02 February 2010
Biosimilars should capture significant share of Biologicals market in Europe
Although currently poorly developed, the biosimilars market segment but is widely expected to become a significant commercial segment over the next few years, capturing a healthy percentage share of the biologicals market, says Dr Peter Norman.
The biosimilars market segment is poorly developed but is expected to become a significant commercial segment. How well and rapidly this develops depends on a number of factors. In the US there is strong lobbying both in favour of and against biosimilars, while the permissibility, or not, of substitution for a branded biological, and the pricing levels of biosimilars are all likely to influence exactly how the market develops. But progressive patent expirations will open up increasingly greater commercial opportunities, with 2014 likely to be a year of major significance. That same year should see the emergence of biosimilars of one or more anti-TNF products and is likely to see the introduction in the US of epoetin alfa biosimilars.
What is clear is that the European market for biosimilars will grow steadily as currently approved products improve market penetration, and as new products enter the market, with the first interferon biosimilars likely to be approved in the near future, followed by anti-TNF products in 2014, oncology antibody products in 2015, then darbepoetin biosimilars in 2016. The current absence of enabling legislation in the US is a limiting constraint and such legislation appears unlikely to become law before 2013. But, even if enacted by 2011, the strength of Amgen’s patents relating to epoetin alfa will limit the commercial opportunities available before 2014 to biosimilars of interferons and G-CSF. The less-developed Japanese biological market should see biosimilars become available by 2012, with epoetin and G-CSF expected to be the first products approved after Omnitrope, but other biosimilars are likely to emerge later in Japan than elsewhere as a result of the belated approval of the original biological products.
The epoetin market segment ($10bn in 2008) is the most substantial near-term opportunity for biosimilars, but safety concerns, the strong market position of second-generation products and Amgen’s US patent portfolio will all limit the commercial opportunities until darbepoetin biosimilars become available. Only in Europe are the epoetin alfa biosimilars likely to generate significant revenues prior to 2014. The dominance of the G-CSF segment , worth $5.1bn in 2008, by the second-generation product Neulasta which has a 54% market share, severely hinders the commercial prospects of filgrastim biosimilars, with the availability of pegfilgrastim biosimilars (in 2016?) required to see significant uptake of G-CSF biosimilars. The $2.6bn value interferon alfa segment is dominated by second-generation products for which biosimilars cannot be expected before 2015. The more attractive interferon beta segment ($5.5bn in 2008) offers better commercial prospects for biosimilars. The rejection of an MAA from Biopartners in 2009 appears to ensure that no such products will become available before 2010 and may be blunted if Biogen succeeds with its development of a second-generation product.

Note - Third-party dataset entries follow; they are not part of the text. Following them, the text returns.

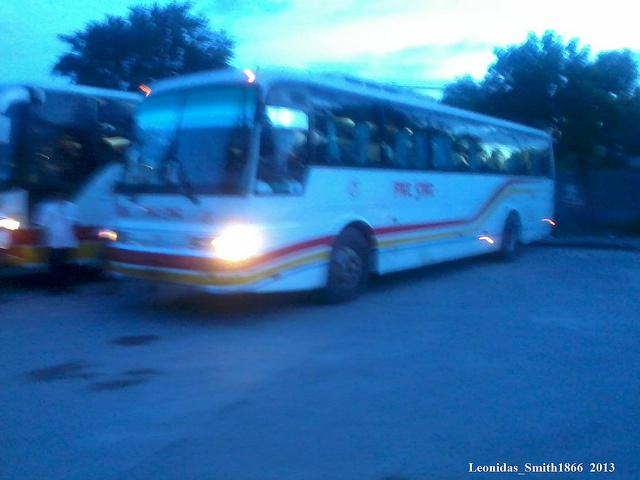Describe the objects in this image and their specific colors. I can see bus in cyan, blue, lightblue, and navy tones, bus in cyan, navy, black, blue, and lightblue tones, and people in cyan, black, blue, gray, and navy tones in this image. 
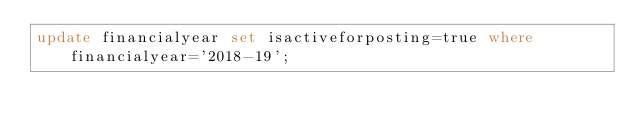Convert code to text. <code><loc_0><loc_0><loc_500><loc_500><_SQL_>update financialyear set isactiveforposting=true where financialyear='2018-19';
</code> 
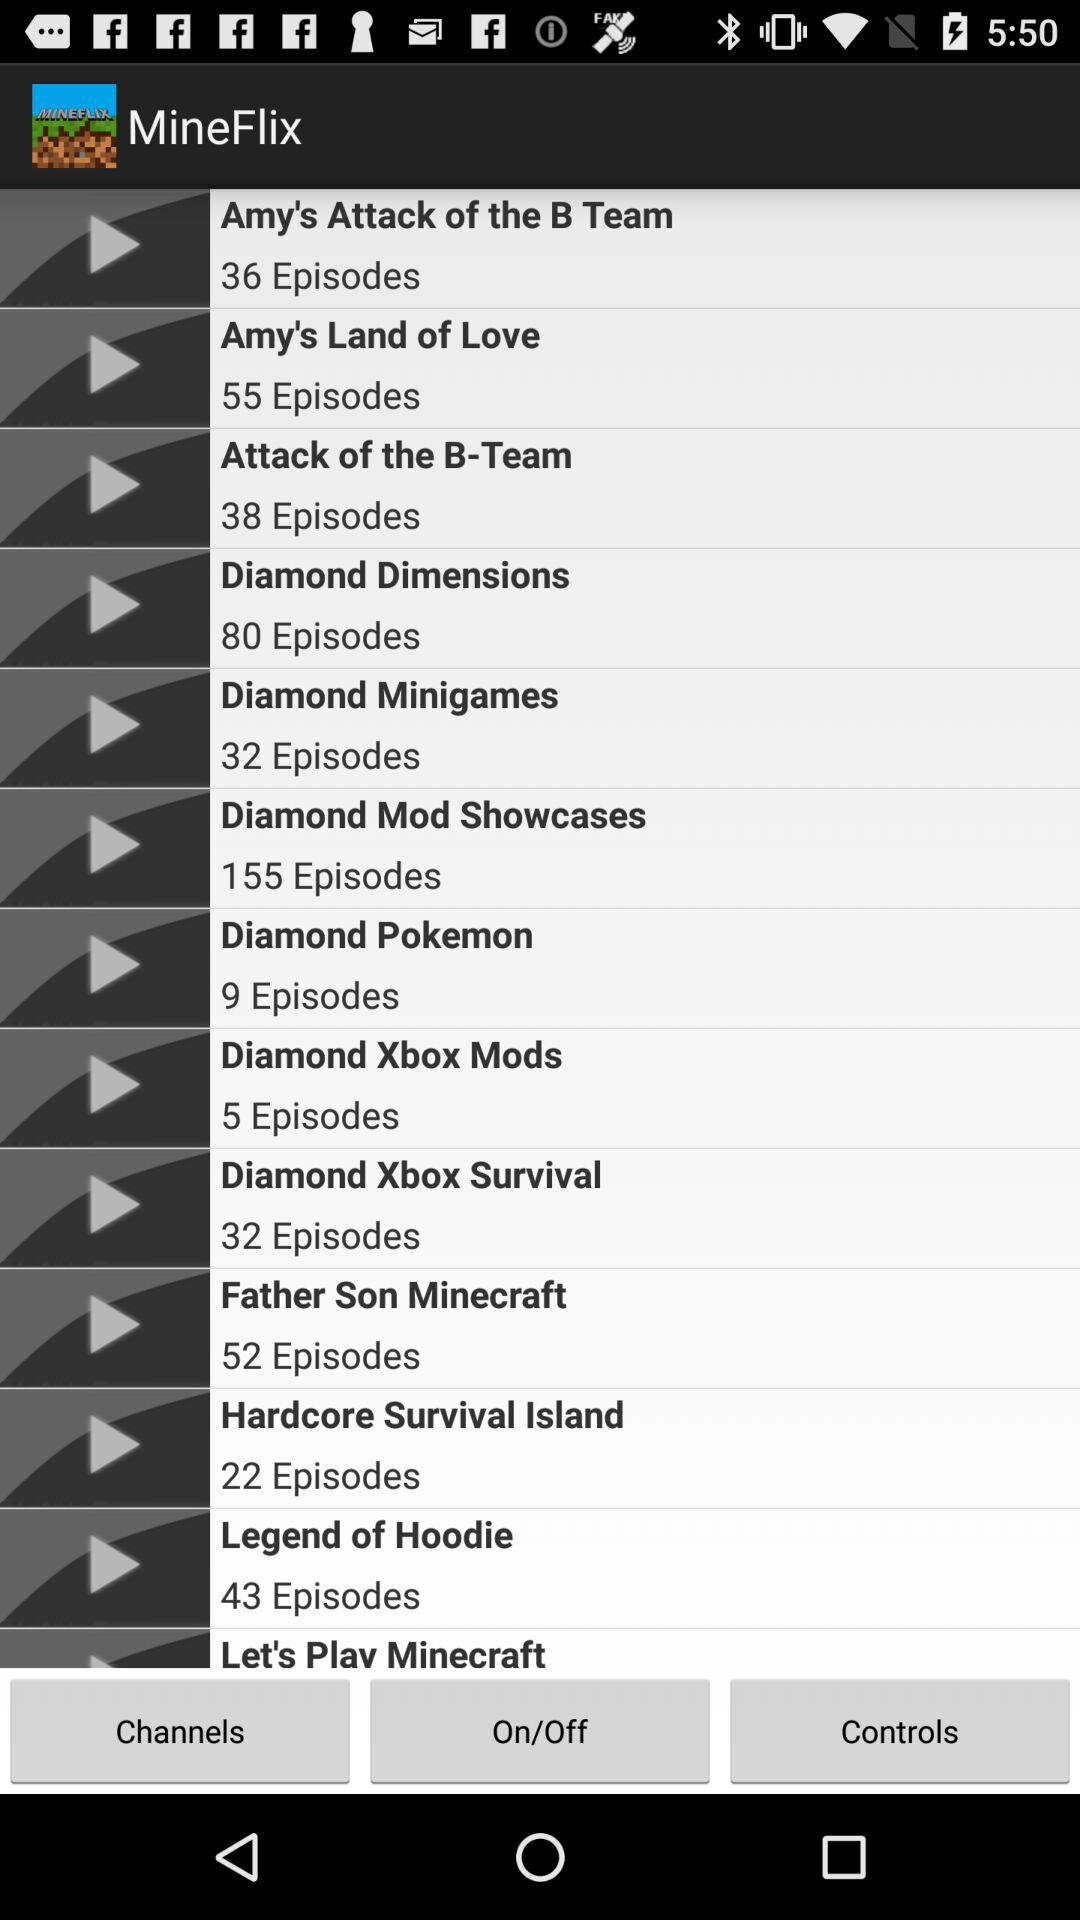How many episodes are there in the "Legend of Hoodie" series? There are 43 episodes in the "Legend of Hoodie" series. 
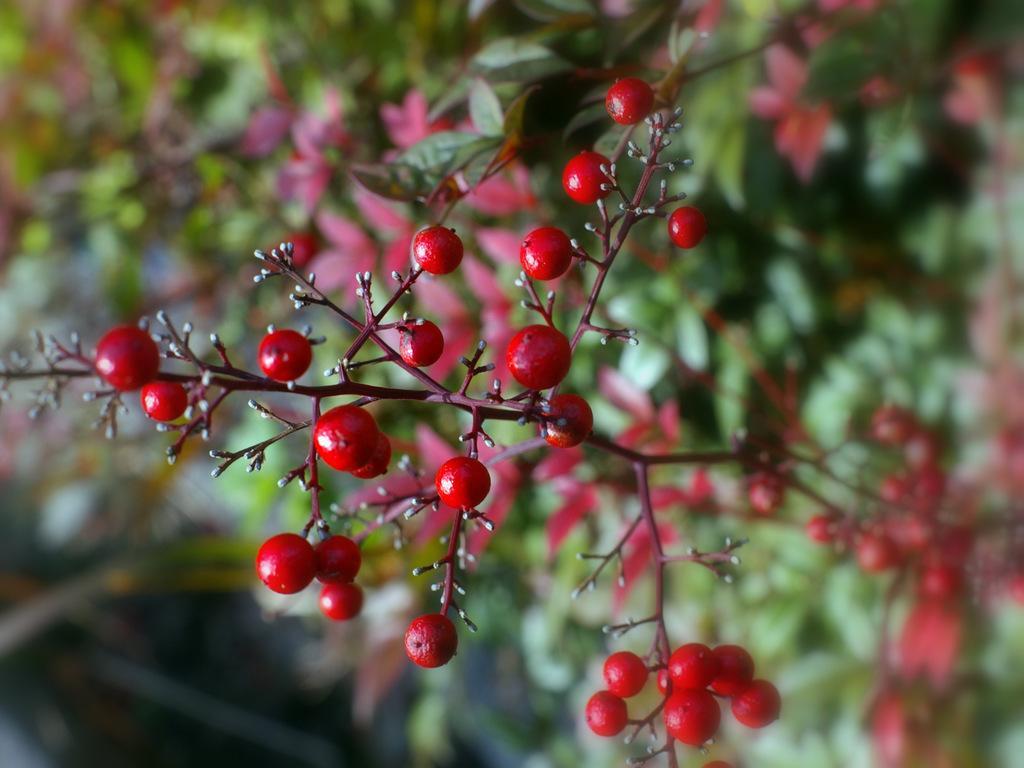How would you summarize this image in a sentence or two? In this image we can see many plants. There are fruits to the plant. 
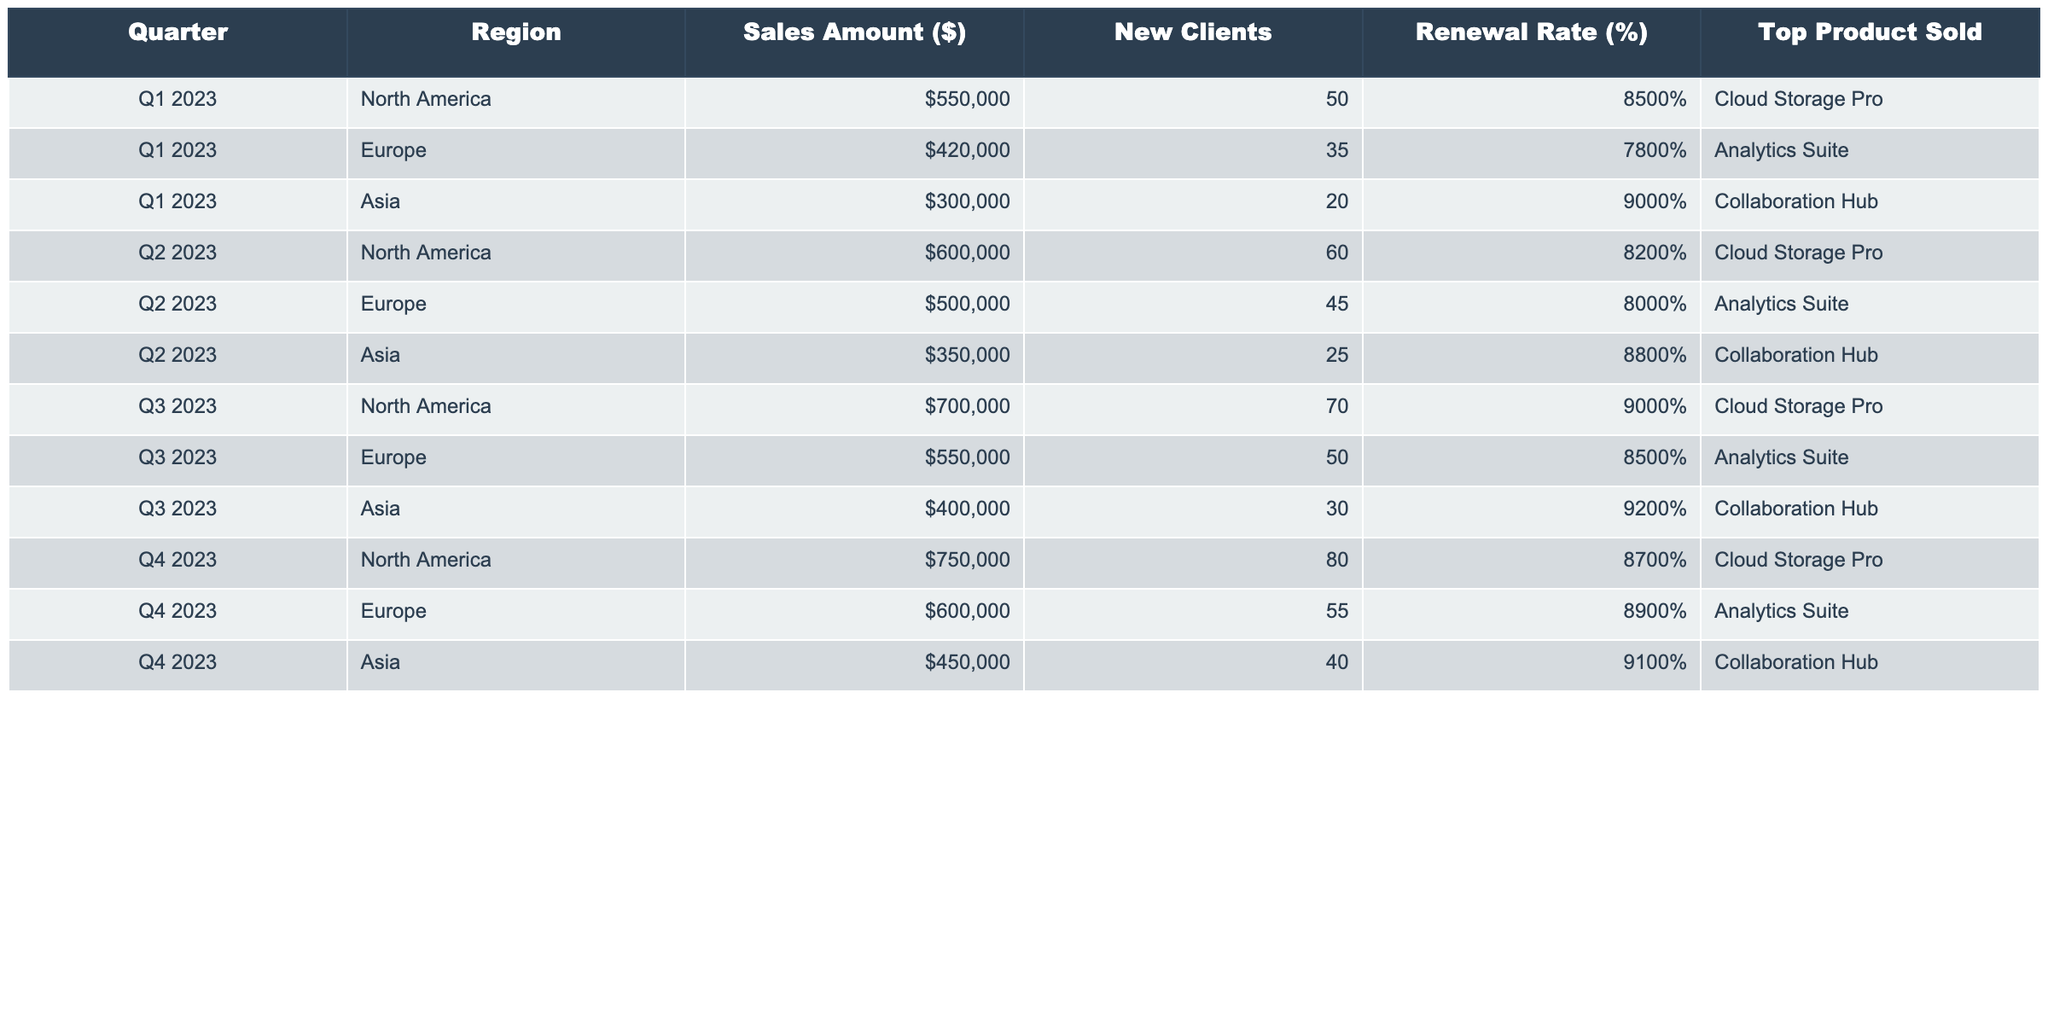What was the total sales amount in Q1 2023? The sales amounts in Q1 2023 are 550000 for North America, 420000 for Europe, and 300000 for Asia. Summing these values gives 550000 + 420000 + 300000 = 1270000.
Answer: 1270000 Which region had the highest renewal rate in Q3 2023? In Q3 2023, the renewal rates are 90% for North America, 85% for Europe, and 92% for Asia. The highest renewal rate is 92% in Asia.
Answer: Asia What is the average number of new clients acquired across all regions in Q4 2023? The new clients in Q4 2023 are 80 for North America, 55 for Europe, and 40 for Asia. The average is (80 + 55 + 40) / 3 = 175 / 3 = 58.33, which rounds to 58.
Answer: 58 Did the sales amount in Asia increase from Q2 2023 to Q4 2023? The sales amount in Asia for Q2 2023 is 350000 and for Q4 2023 it is 450000. Since 450000 > 350000, it indicates an increase.
Answer: Yes What is the total sales amount for North America across all four quarters? The sales amounts for North America in each quarter are 550000 (Q1) + 600000 (Q2) + 700000 (Q3) + 750000 (Q4). Summing these gives 550000 + 600000 + 700000 + 750000 = 2600000.
Answer: 2600000 Which product was the top seller in Europe during Q2 2023? The top product sold in Europe during Q2 2023 is "Analytics Suite," as stated in the table.
Answer: Analytics Suite What was the percentage increase in new clients from Q1 2023 to Q3 2023 in Asia? The new clients in Q1 2023 for Asia are 20 and in Q3 2023 are 30. The increase is 30 - 20 = 10. To find the percentage increase: (10 / 20) x 100% = 50%.
Answer: 50% In which quarter did North America achieve the highest sales amount? The sales amounts for North America are 550000 in Q1, 600000 in Q2, 700000 in Q3, and 750000 in Q4. The highest sales amount, 750000, occurs in Q4 2023.
Answer: Q4 2023 How does the total sales amount in Q2 compare to that in Q3? The total sales amounts are 600000 for North America, 500000 for Europe, and 350000 for Asia in Q2, totaling 600000 + 500000 + 350000 = 1450000. In Q3, the totals are 700000 (NA) + 550000 (EU) + 400000 (AS) = 1650000. Comparing these, 1650000 > 1450000 shows Q3 has higher sales.
Answer: Q3 has higher sales Which region showed the greatest increase in sales from Q1 to Q2 2023? Calculating the sales increase from Q1 to Q2 for each region: North America: 600000 - 550000 = 50000, Europe: 500000 - 420000 = 80000, Asia: 350000 - 300000 = 50000. The greatest increase, 80000, is seen in Europe.
Answer: Europe 
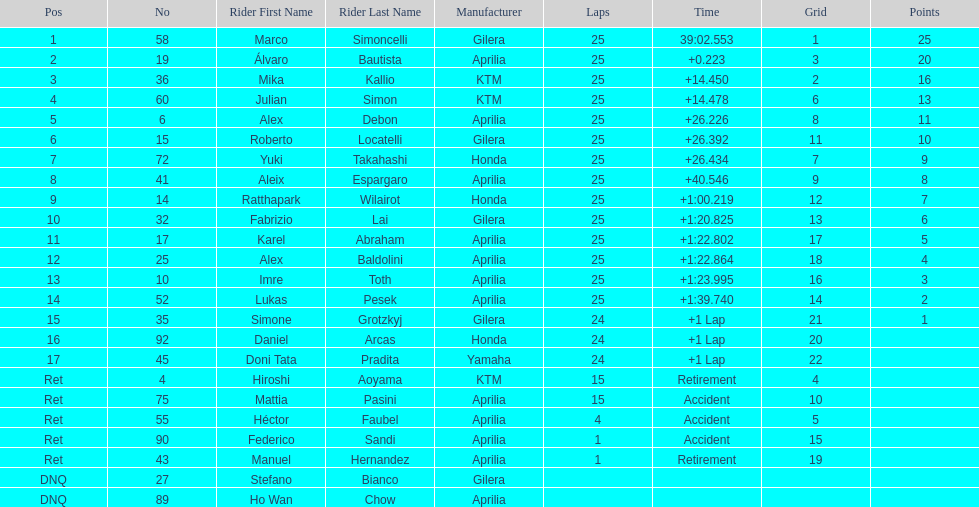The total amount of riders who did not qualify 2. 
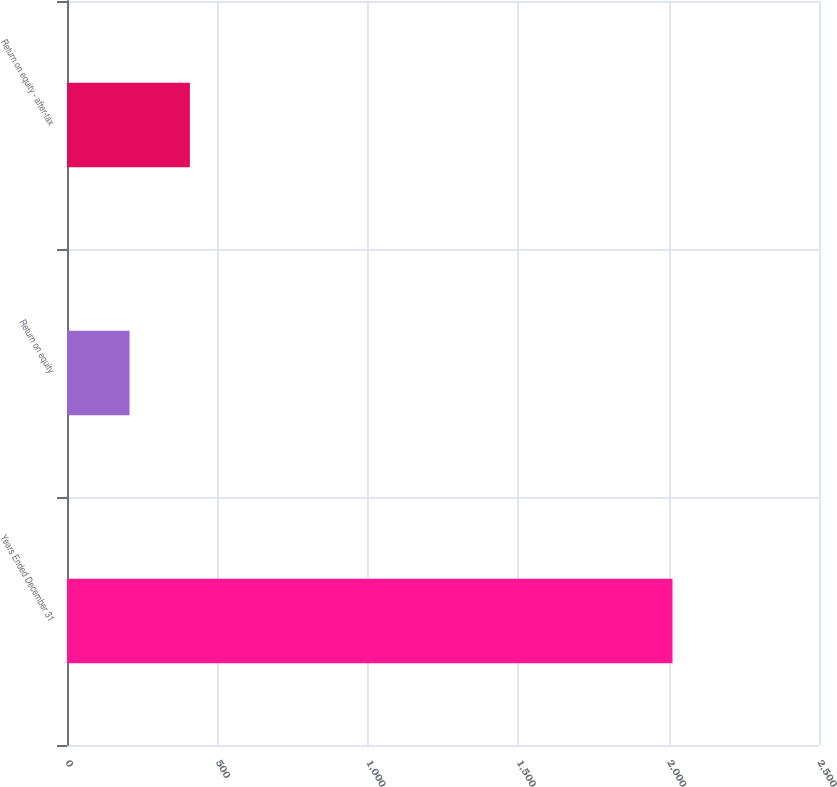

“The anti-TNF segment offers the best commercial opportunity for biosimilars, with the three leading products all likely to face competition from biosimilars in Europe and/or the US by 2016, with such products emerging in 2014,” notes Dr Peter Norman, author of the report Biosimilars: A Growing Market. But such products are more complex proteins than those for which biosimilars have been developed to date, suggesting that approvals may be delayed. Their market penetration is likely to be attenuated because of the multiple conditions for which the anti-TNF products are approved, thus requiring companies to target a specific indication in seeking approval of their biosimilar. By 2016 the oncology antibody segment ($16.6bn in 2008) should also offer opportunities to a number of biosimilars, but market entries may be delayed both by technology issues (product complexity) and by patent issues (because of the extensive cross-licensing of technologies between companies).
By 2020 the biosimilars segment may account for 10% of the biologicals market
Many forecasts relating to the development of the biosimilars market seem over-optimistic, and appear to assume a rapid resolution of the legislative impasse in the US with respect to the approval of biosimilars, and overlook the strength of Amgen’s patent position with respect to epoetin alfa. Assuming a later passing of US legislation (by 2012 rather than 2010), the value of the biosimilars market segment will continue to be dominated by European sales revenues in 2012, and this is likely to account for about 0.6% of the fast-growing biologicals market. By 2016 this share should have grown to 2.6%, with the US overtaking Europe as the leading source of revenues from such products. The greater opportunities after 2016 should see substantial increases in the sales of biosimilars and by 2020 this segment may command a 10% share of the total value of the biologicals market.